Gerd Gigerenzer, Direktor des Harding-Zentrums für Risikokompetenz am Max-Planck-Institut für Bildungsforschung

Geringer geworden ist die Angst davor, Opfer von Gewaltkriminalität (2018: 46 Prozent, 2019: 40 Prozent) zu werden. Deutlich niedriger als die Angst vor Verkehrsunfällen (38 Prozent) oder Wohnungseinbruch (30 Prozent) ist auch die Furcht vor Datendiebstahl (26 Prozent) aus. Wobei jüngere Menschen und Befragte mittleren Alters den Datenklau mit jeweils fast einem Drittel (31 Prozent) etwas häufiger als Bedrohung ansehen.

Nur Bares ist Wahres

Zudem setzen die Deutschen laut Umfrage weiterhin ausschließlich auf Bargeld. So lieben 91 Prozent der Deutschen lieben ihre Scheine und Münzen im Portemonnaie (2018: 93 Prozent) . Fast ausnahmslos halten Frauen (93 Prozent) und Männer (89 Prozent) am Bargeld fest! Etwas offener zeigen sich nur junge Menschen: Bei den 18–30-Jährigen können sich immerhin 16 Prozent ein Leben ohne bare Münze vorstellen, bei den 31–40-Jährigen sind es noch 13 Prozent. Die über 60-Jährigen halten mit 94 Prozent am meisten an ihrem vertrauten Bargeld fest.

Mögliche Pläne zur Abschaffung des Bargeldes lehnen demnach vor allem Facharbeiter und Selbstständige (je 95 Prozent) ab. Etwas offener für ein Leben ohne Bargeld zeigen sich Beamte (14 Prozent) und Angestellte (zwölf Prozent) sowie auch berufstätige Befragte (elf Prozent) im Vergleich zu Menschen ohne Job (sieben Prozent).
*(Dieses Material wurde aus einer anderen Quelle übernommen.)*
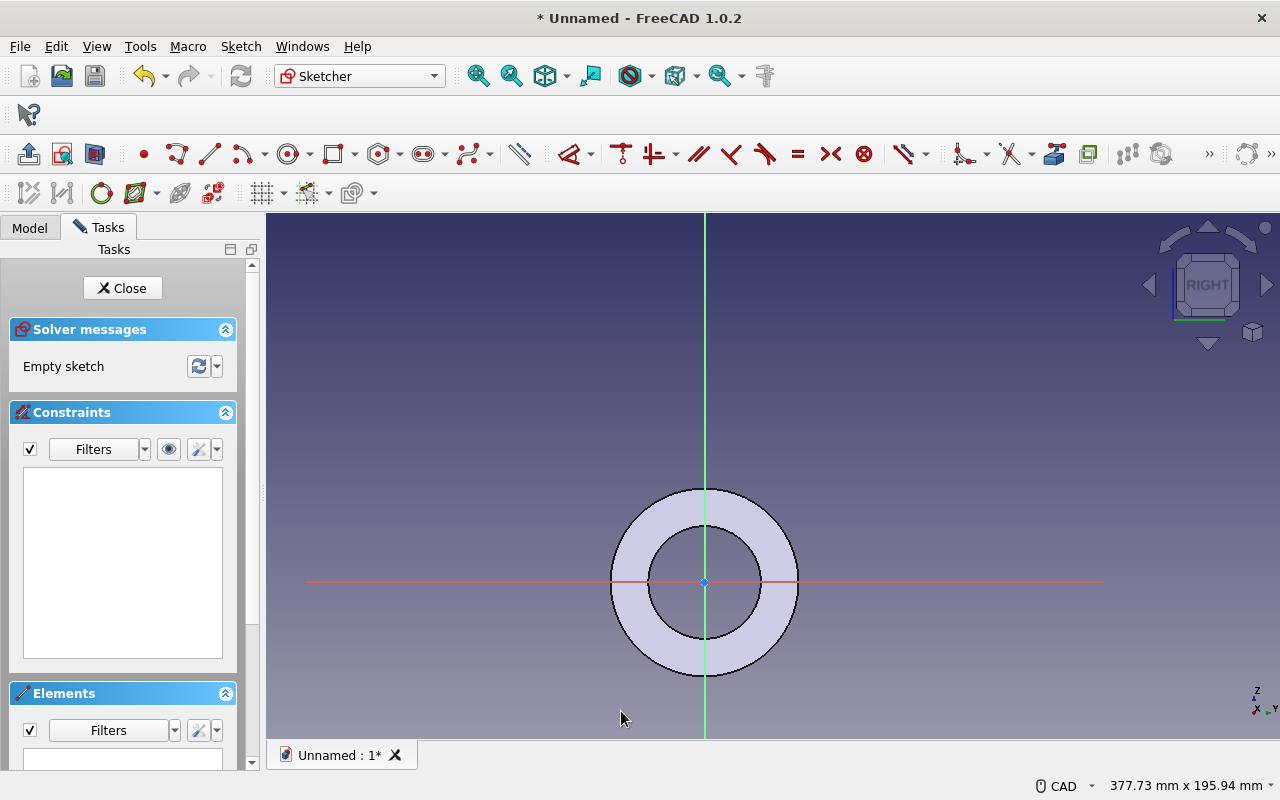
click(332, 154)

Keinen Euro für Datenschutz

Eher geizig zeigen sich die befragten Deutschen beim Thema Datenschutz: Ganze 75 Prozent der Deutschen sind überhaupt nicht bereit, für den Schutz ihrer Daten zu zahlen. Wenn, dann sind es die jungen Befragten – die Generation Vielsurfer – zwischen 18 und 40 Jahren, die immerhin fünf Euro (26–27 Prozent) oder zehn Euro (acht Prozent) dafür ausgeben würden.

„Eine gute Aufklärung an Schulen zum Thema Datenschutz fehlt in Deutschland häufig. Entsprechend verwundert es nicht, dass die Zahlungsbereitschaft für den persönlichen Datenschutz gegenwärtig eher gering ist“, konstatiert Mark Klein, Vorstandsvorsitzender Ergo Digital Ventures.
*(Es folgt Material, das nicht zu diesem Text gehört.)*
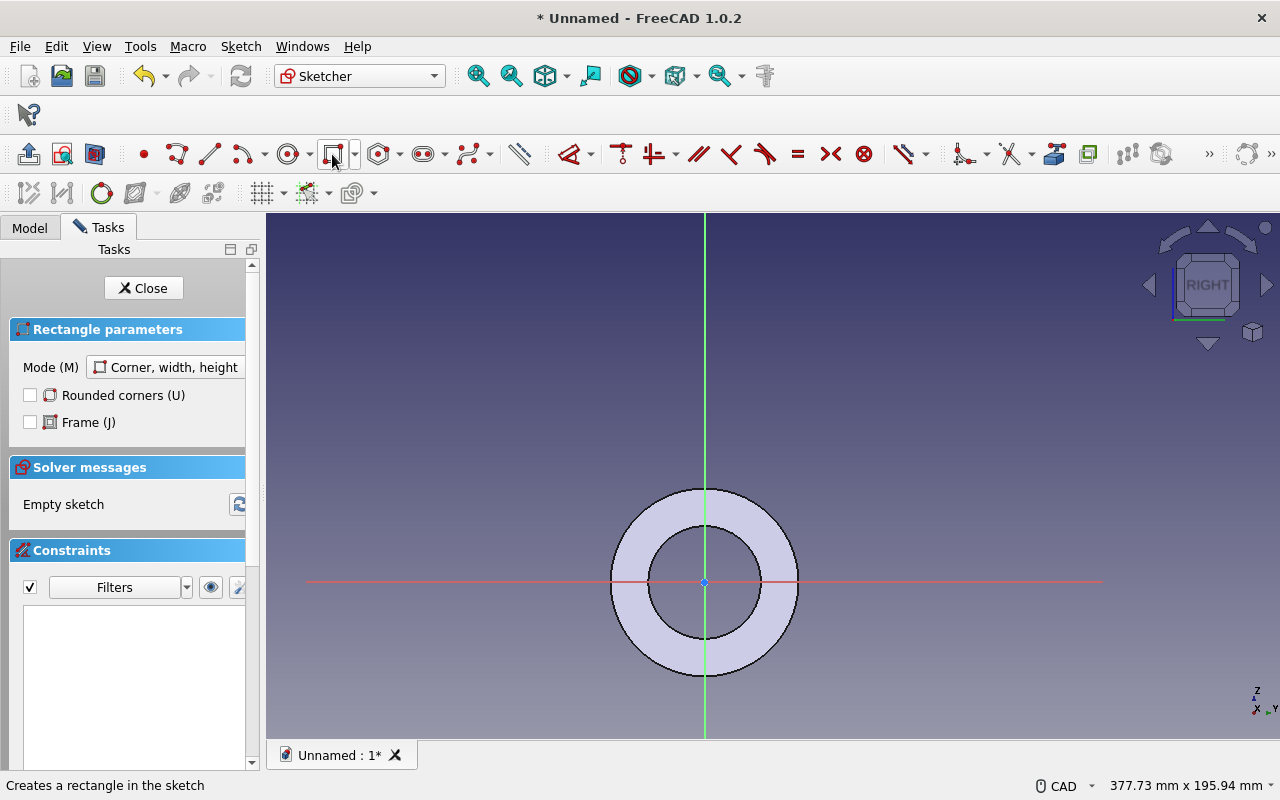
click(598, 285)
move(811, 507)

Ein weiteres Ergebnis: Während Frauen, besonders im Bereich Finanzen (74 Prozent, Männer: 65 Prozent), eher auf Altbewährtes setzen, scheinen Männer der Künstlichen Intelligenz gegenüber tendenziell etwas aufgeschlossener zu sein. Auch die ganz jungen Menschen zwischen 18 und 30 Jahren sind offener.

Chinas digitales Überwachungssystem wird in Deutschland zunehmend akzeptiert

Ende vergangenen Jahres hatte China angekündigt, ein Sozialkreditsystem einführen zu wollen. Mit diesem Aktionsplan wolle man finanzielles, moralisches und politisches Wohlverhalten mit günstigen Krediten oder schnelleren Beförderungen fördern. Fehlverhalten wie Steuerhinterziehung, Vernachlässigung der Eltern oder Überqueren einer Ampel bei Rot könnte indes sanktioniert werden.

Bei den Deutschen scheint ein solcher Plan augenscheinlich gar nicht so schlecht anzukommen. So fände jeder fünfte Befragte (20 Prozent) ein solches Punktesystem gut, weitere zwölf Prozent sind unentschlossen. Ablehnend äußern sich gut zwei Drittel (68 Prozent). Tendenziell sinkt die Zustimmung mit zunehmendem Alter: 18–30 Jahre: 23 Prozent, 31–40 Jahre: 22 Prozent, 51–60 und über 60 Jahre: je 18 Prozent.

„Gerade beim Thema Naturkatastrophen zeigt der zweite Ergo Risiko-Report, dass sich das Bewusstsein der Öffentlichkeit schnell ändern kann – vorausgesetzt, den Menschen stehen ausreichend valide Informationen zur Verfügung. Deutlich wird aber auch, dass dies bei den Themen Alter, Gesundheit, Sicherheit, Geld und insbesondere Digitalisierung nicht der Fall ist. Hier sollte der Staat seine Zurückhaltung aufgeben: Nur, wenn er den Bürgerinnen und Bürgern eine verlässliche Orientierungshilfe bietet, können diese auch im digitalen 21. Jahrhundert selbstbestimmte Entscheidungen über ihr Leben treffen“, kommentiert Gerd Gigerenzer, Direktor des Harding-Zentrums für Risikokompetenz am Max-Planck-Institut für Bildungsforschung, die Ergebnisse des Ergo Risiko-Reports 2019.